Scientists have cautioned from the first onset of COVID that we should expect this virus to mutate often, generating new strains that could only be mitigated by effective testing and tracking.  The speed with which South Africa’s initial detection has been widely reported within the scientific community, enabling rapid global research, is much faster than the initial round of variants.  Incredibly, at least three vaccine manufacturers have announced that they are already testing modifications to their vaccines to see if they will be effective against Omicron; two of these are from companies that have vaccines in late-stage trials that had not yet been approved for distribution, offering the prospect of a response even faster than the initial mRNA vaccine developed to fight the initial COVID outbreak. 

While access to vaccines is critical, so is overcoming vaccine hesitancy.  Hospitals in the United States and Europe continue to report that the majority of their COVID patients are unvaccinated, with disease outbreaks threatening once again to overwhelm local treatment capacity in several cities.  This issue has received a lot of attention in the United States and Europe, where people have protested against vaccine mandates, but it is also a problem in some African countries.   South Africa and four other southern African countries recently asked their international suppliers to slow down vaccine delivery because they have had problems generating demand for shots.  Particularly as supply continues to ramp up, finding ways to overcome this hesitancy across the world will become an increasingly important issue. 

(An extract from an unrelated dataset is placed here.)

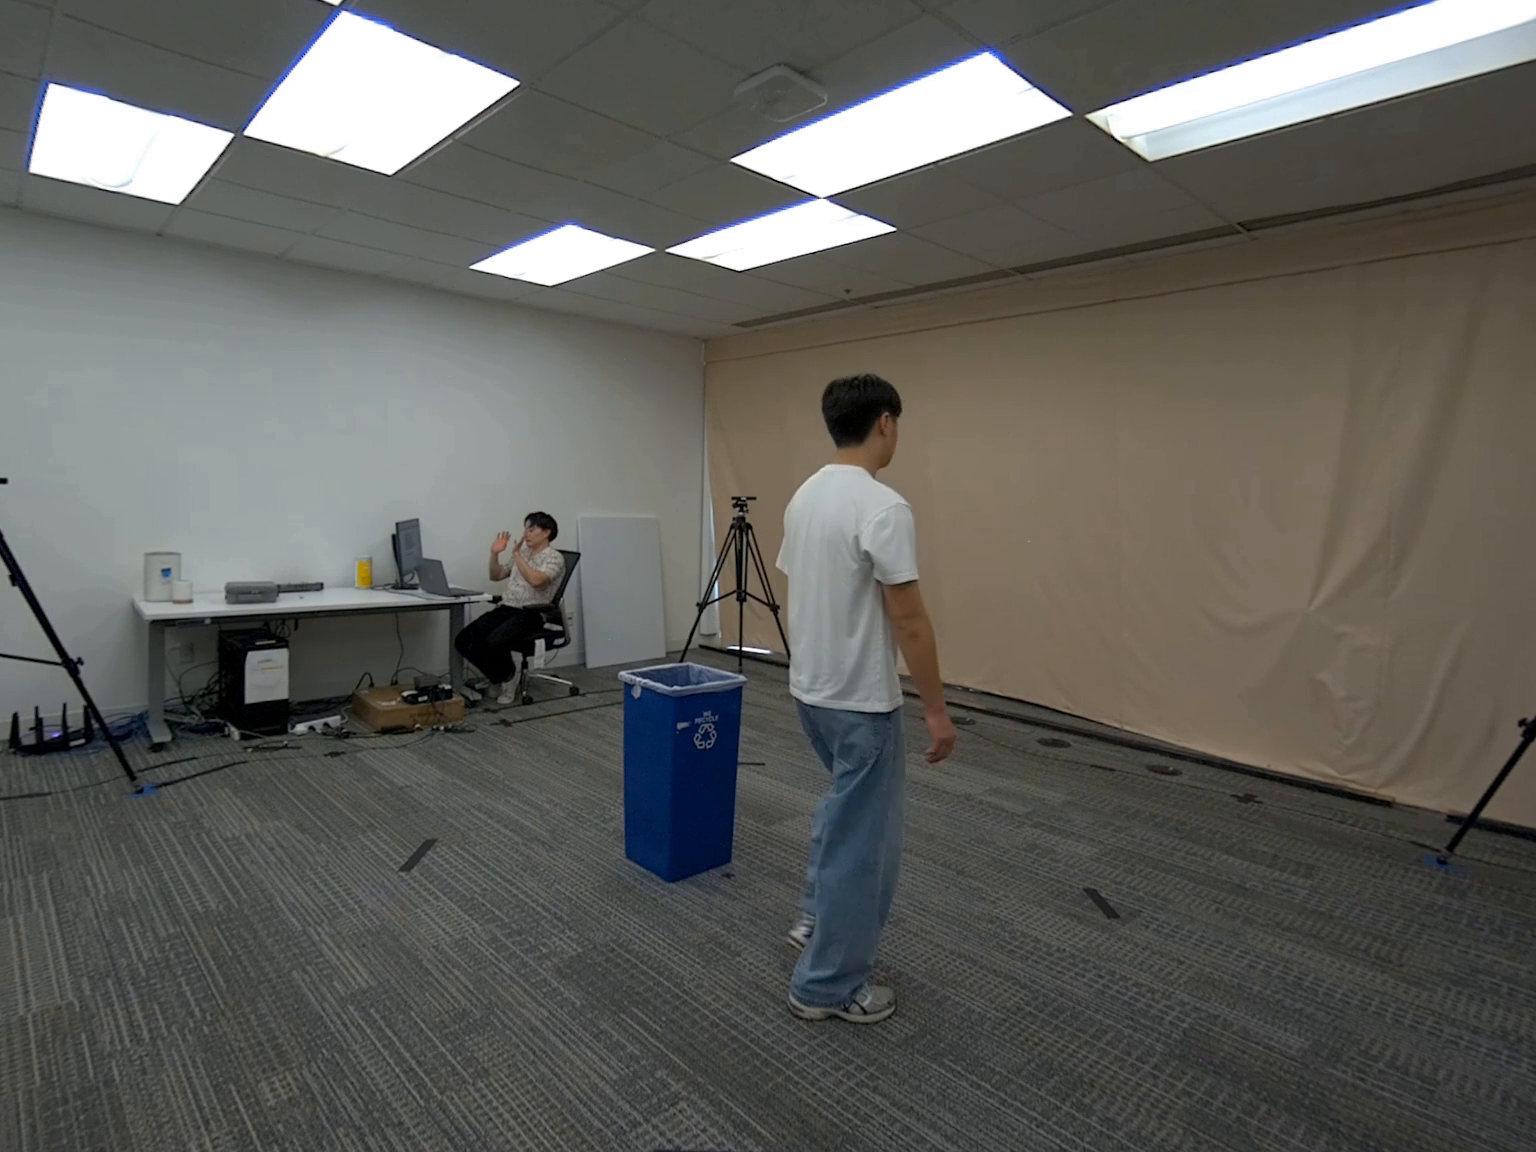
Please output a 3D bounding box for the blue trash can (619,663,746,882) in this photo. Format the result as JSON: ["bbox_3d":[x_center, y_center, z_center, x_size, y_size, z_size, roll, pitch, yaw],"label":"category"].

The emergence of Omicron gives us all an opportunity to employ some of the lessons we should have learned from two years of COVID, and start responding in a more coordinated way.  A critical component of that is increasing the collaboration and communication between governments and the private sector.  As encouraging as the quick response of several companies to the emergence of Omicron in terms of developing new boosters/vaccines has been, it would be even more encouraging to see developed countries figure out a better distribution system that increases access to Africa.  This is also a great opportunity for public health authorities to come to a clearer set of guidance and consensus on when it makes sense to consider imposing travel bans,  as well as deliver more consistent, coordinated public messaging, and improve vaccine distribution within countries.

CCA’s Health Security and Resilience Initiative is focused on addressing exactly these kinds of problems, bringing both U.S. and African private companies together to see how they can help governments address challenges and improve health outcomes in Africa.  CCA stands ready to engage with African, American and other international partners to put in place the conditions for much greater health security in Africa as a key factor in sustainable prosperity and greater partnership between the U.S. and Africa.